Сантэн села рядом с ним, и они пять минут ехали молча, прежде чем она сказала:
– Он так молод и иногда так глуп… прости, Блэйн, я понимаю, как он тебя расстроил.
Он вздохнул.
– Мы были такими же. Называли это «большой игрой», полагая, что это будет самое славное время в жизни, которое сделает нас мужчинами и героями. Никто не предупреждал нас о вырванных внутренностях, и об ужасе, и о том, чем пахнет мертвец, пять дней пролежавший на солнцепеке.
– С этим покончено! – яростно сказала Сантэн. – Боже, пусть это никогда больше не повторится!
Мысленно она опять видела горящий самолет, а в нем чернело, дергалось, распадалось тело мужчины, которого она любила; но лицо у него было не Майкла, у него было прекрасное лицо Шасы, оно трескалось, как сосиска, которую слишком близко поднесли к огню, в нем сгорали соки юной прекрасной жизни.

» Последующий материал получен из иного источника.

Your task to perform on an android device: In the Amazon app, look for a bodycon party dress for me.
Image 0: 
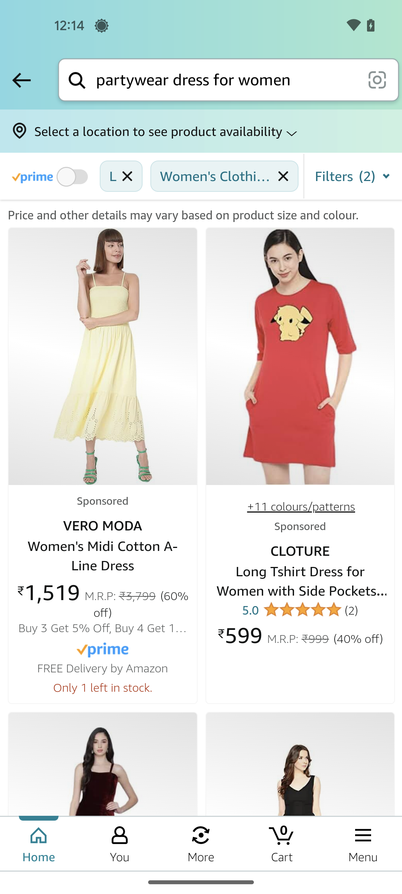
Swipe up to view bodycon party wear dress
Step 0: scroll down
Image 1: 
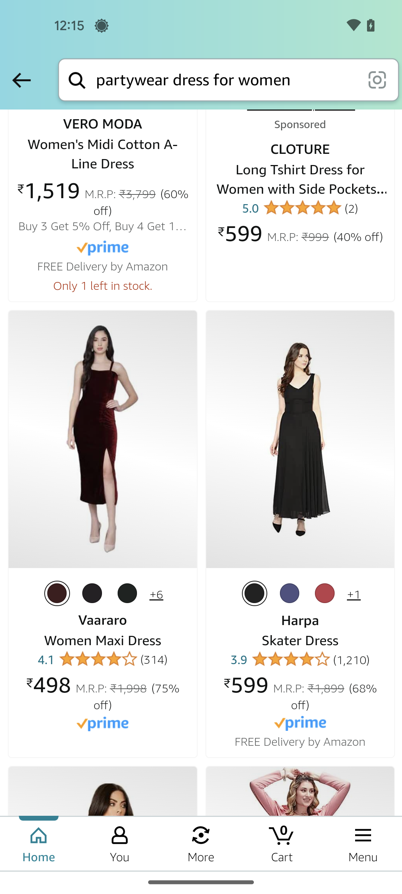
Swipe up to view bodycon party wear dress
Step 1: scroll down
Image 2: 
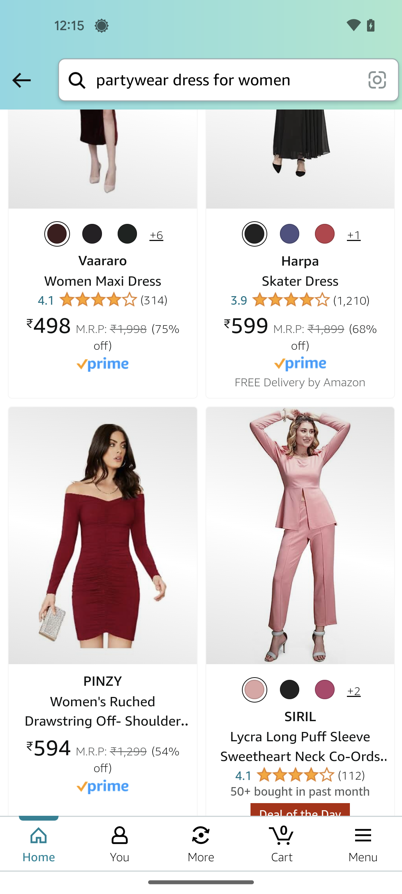
Swipe up to view bodycon party wear dress
Step 2: scroll down
Image 3: 
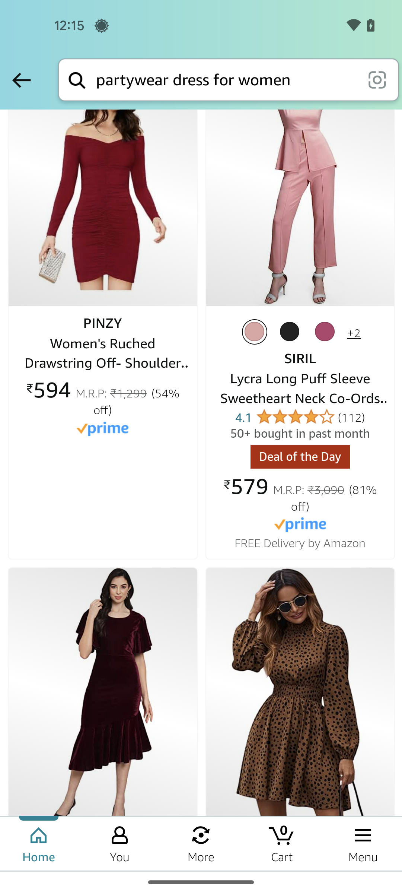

– Блэйн, пожалуйста, останови машину, – прошептала она. – Кажется, меня укачало.
* * *
Если бы они ехали без остановок, они могли бы уже вечером добраться до Берлина, но, проезжая через небольшой городок, они заметили, что улицы в праздничном убранстве, и когда Сантэн спросила, ей сказали, что идет праздник в честь местного святого-покровителя.
– Блэйн, давай останемся! – воскликнула она, и они приняли участие в празднике.
Через город прошла процессия. По узким, мощенным булыжником улицам несли статую святого, за ней шел оркестр, а следом маленькие светловолосые девочки-ангелочки в национальных костюмах и мальчики в мундирах.
– Это гитлерюгенд, – объяснил Блэйн. – Что-то вроде бойскаутов старины Баден-Пауэлла, только тут гораздо сильнее подчеркивают немецкий национальный дух и патриотизм.
После парада были танцы на освещенной факелами городской площади, на ручных тележках развозили кружки с пивом и бокалы с местным шампанским, которое здесь именовали «зект», а официантки в кружевных фартуках и со щеками как спелые яблоки разносили тарелки с сытной едой: свиными ножками и телятиной, копченой макрелью и сыром.
Они отыскали столик в углу площади; пирующие за соседними столиками здоровались с ними и весело болтали; они пили пиво, и танцевали, и пивными кружками отбивали такт под оркестр.
Затем атмосфера неожиданно изменилась. Смех вокруг стал тревожным и принужденным, на лицах и в глазах пирующих за соседними столиками появилась настороженность; оркестр заиграл слишком громко, а танцоры лихорадочно завертелись.
На площади появились четверо мужчин. Они были в коричневых мундирах с перекрещенными на груди ремнями, в нарукавных повязках с вездесущей свастикой. Их коричневые кепи были низко надвинуты, подбородочные ремни натянуты. Каждый держал в руках небольшой деревянный ящик с прорезью на крышке. Четверка разошлась и стала обходить столики.